The ICJ underscores the imprecise and overbroad language of the FCRA, which has left it open to abusive and arbitrary application by the Indian authorities. Civil Society Organizations (CSOs) may be prevented from accessing foreign contributions when the groups or their activities are characterized as of a “political nature” or acting against “public interest”, or against “strategic, scientific or economic interest” or “security”.
“By restricting NGO access to foreign funds meant for the NGO sector, the Indian Government is using the FCRA selectively to silence critical voices,” said Ian Seiderman, ICJ’s Legal and Policy Director.
“As recognized by the UN Charter, international cooperation, including through financial assistance, is fundamental to the protection of human rights, and CSOs should be encouraged rather than prevented from engaging in such cooperation to facilitate their critical work,” said Ian Seiderman.
On 20 October 2020, UN High Commissioner for Human Rights, Michelle Bachelet, expressed concern that the FCRA was being used to “deter or punish NGOs for human rights reporting and advocacy”.
Since 2014, the Indian Government has cancelled the FCRA licenses of more than 19,000 NGOs, including high profile organizations such as the Lawyers Collective, Greenpeace India, People’s Watch, Compassion International, and Public Health Foundation of India. The grounds for these cancellations include “non-compliance with reporting requirements” and activities deemed “political” or against “national interest” and “economic security”. On 10 September 2020, India froze the accounts of Amnesty International India on the allegation that it had circumvented the FCRA. The action forced Amnesty International India to halt its India operations.

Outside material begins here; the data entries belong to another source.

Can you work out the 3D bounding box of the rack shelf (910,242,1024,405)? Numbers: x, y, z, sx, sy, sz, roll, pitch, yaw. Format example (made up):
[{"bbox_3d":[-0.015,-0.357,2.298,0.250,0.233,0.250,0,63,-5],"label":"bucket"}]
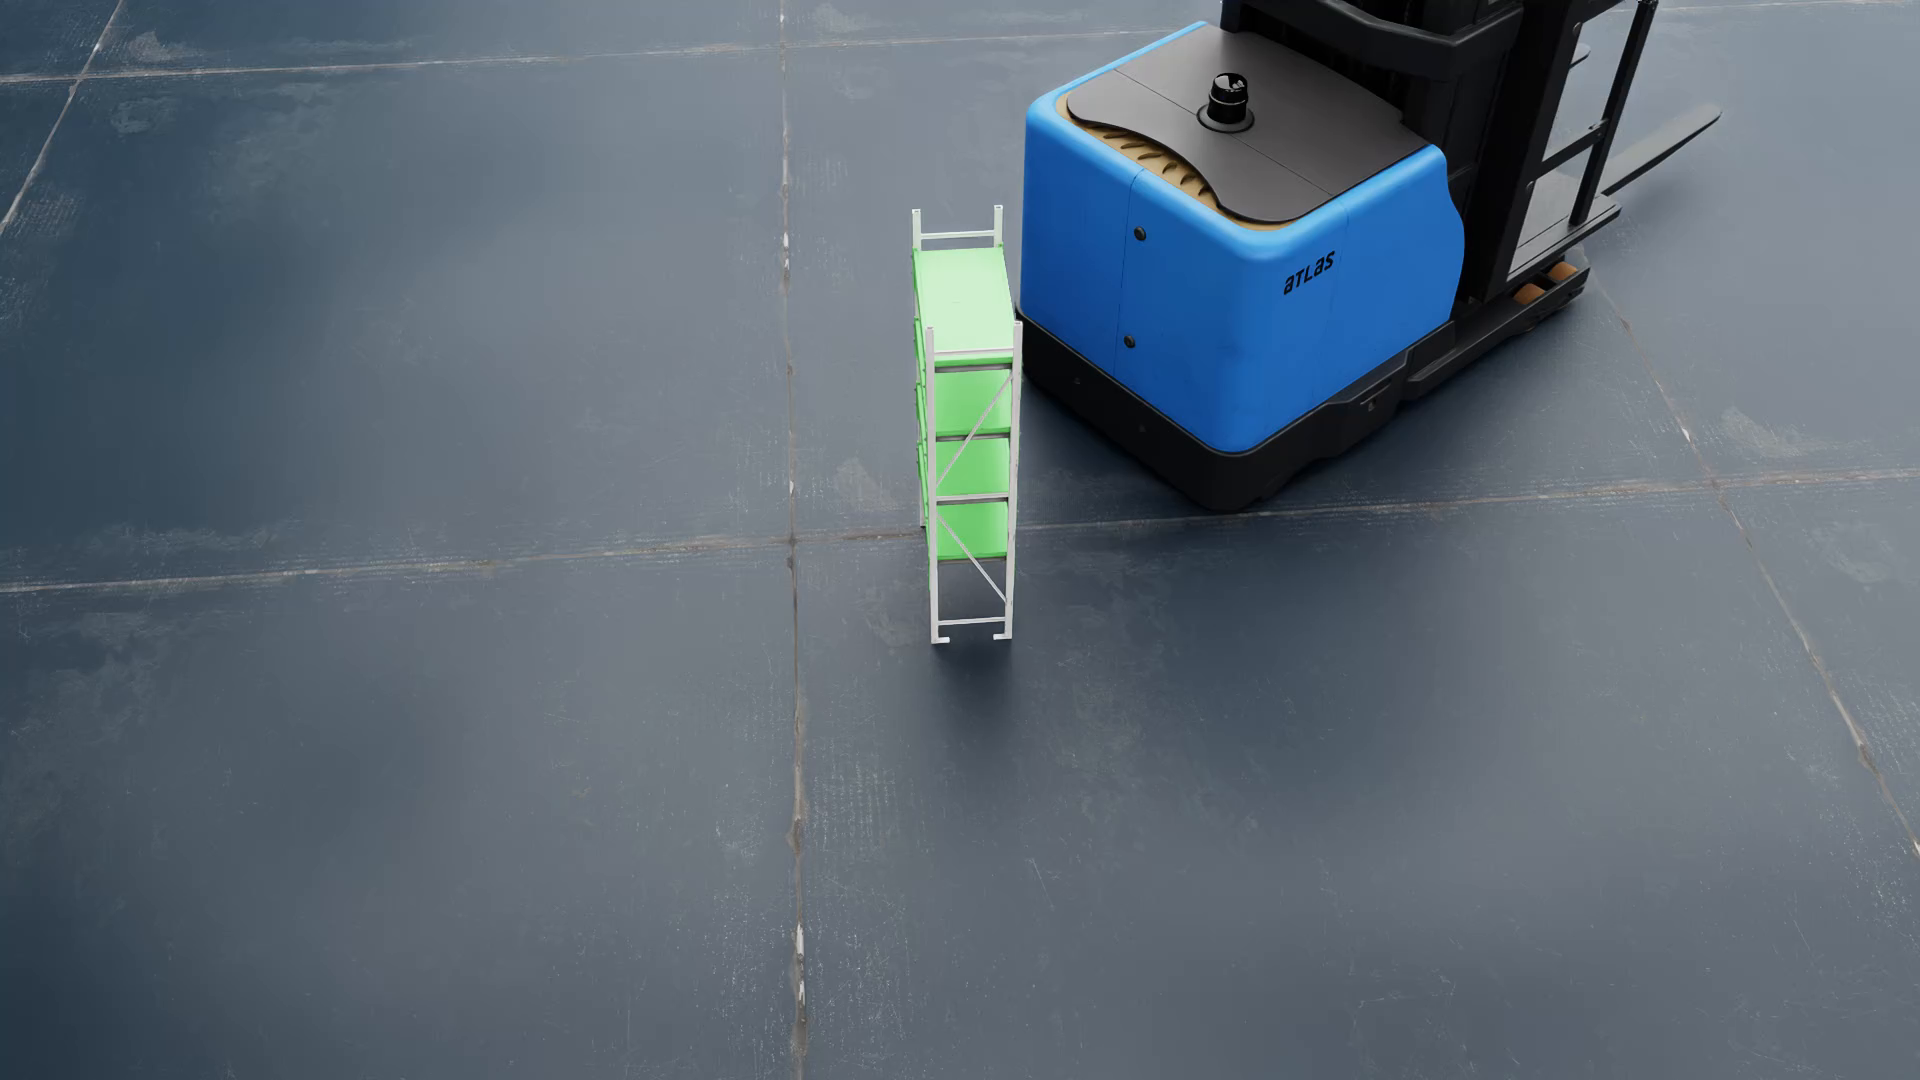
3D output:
[{"bbox_3d":[0.014,-0.579,4.399,0.258,0.148,0.480,-3,47,-3],"label":"rack shelf"}]

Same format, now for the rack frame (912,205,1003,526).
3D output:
[{"bbox_3d":[-0.007,-0.469,4.868,0.240,1.200,0.015,-3,47,-3],"label":"rack frame"}]

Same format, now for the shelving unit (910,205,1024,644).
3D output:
[{"bbox_3d":[0.014,-0.293,4.701,0.258,1.200,0.503,-3,47,-3],"label":"shelving unit"}]

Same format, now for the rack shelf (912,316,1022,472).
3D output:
[{"bbox_3d":[0.014,-0.414,4.573,0.258,0.148,0.480,-3,47,-3],"label":"rack shelf"}]

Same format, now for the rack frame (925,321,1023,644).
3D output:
[{"bbox_3d":[0.034,-0.116,4.534,0.240,1.200,0.015,-3,47,-3],"label":"rack frame"}]

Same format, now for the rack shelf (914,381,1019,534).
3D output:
[{"bbox_3d":[0.014,-0.249,4.747,0.258,0.148,0.480,-3,47,-3],"label":"rack shelf"}]

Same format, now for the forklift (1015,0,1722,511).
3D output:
[{"bbox_3d":[1.634,-2.019,5.144,3.031,2.935,1.130,-32,54,-26],"label":"forklift"}]

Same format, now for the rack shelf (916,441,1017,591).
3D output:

“We see the authorities continuing their clampdown on Indian human rights defenders through arbitrary arrests, restrictions on travel and other forms of harassment. We urge the Indian Government to protect rather than repress human rights defenders in India, whose work is vital to the rule of law in the country,” Seiderman said.
Contact
Osama Motiwala, ICJ Asia-Pacific Communications Officer, e: osama.motiwala(a)icj.org
Background
In the briefing paper, entitled “India’s Foreign Contribution Regulation Act: A Tool to Silence Indian Civil Society Organizations”, the ICJ answers the following questions:
- What is the Foreign Contribution Regulation Act? How does it affect NGOs?
- Which prohibitions in the FCRA are of concern to NGOs?
- What do the Indian Courts say about the overbroad restrictions on the receipt of foreign funds for NGOs in the FCRA?
- Is the FCRA compliant with India’s obligations under international human rights law?
- How have civil society organizations been targeted or adversely impacted by the FCRA?
- Is there a pattern of Indian Government targeting NGOs, lawyers and human rights defenders?
- How does the Government apply the prohibition on organizations of a political nature receiving foreign funding to political parties?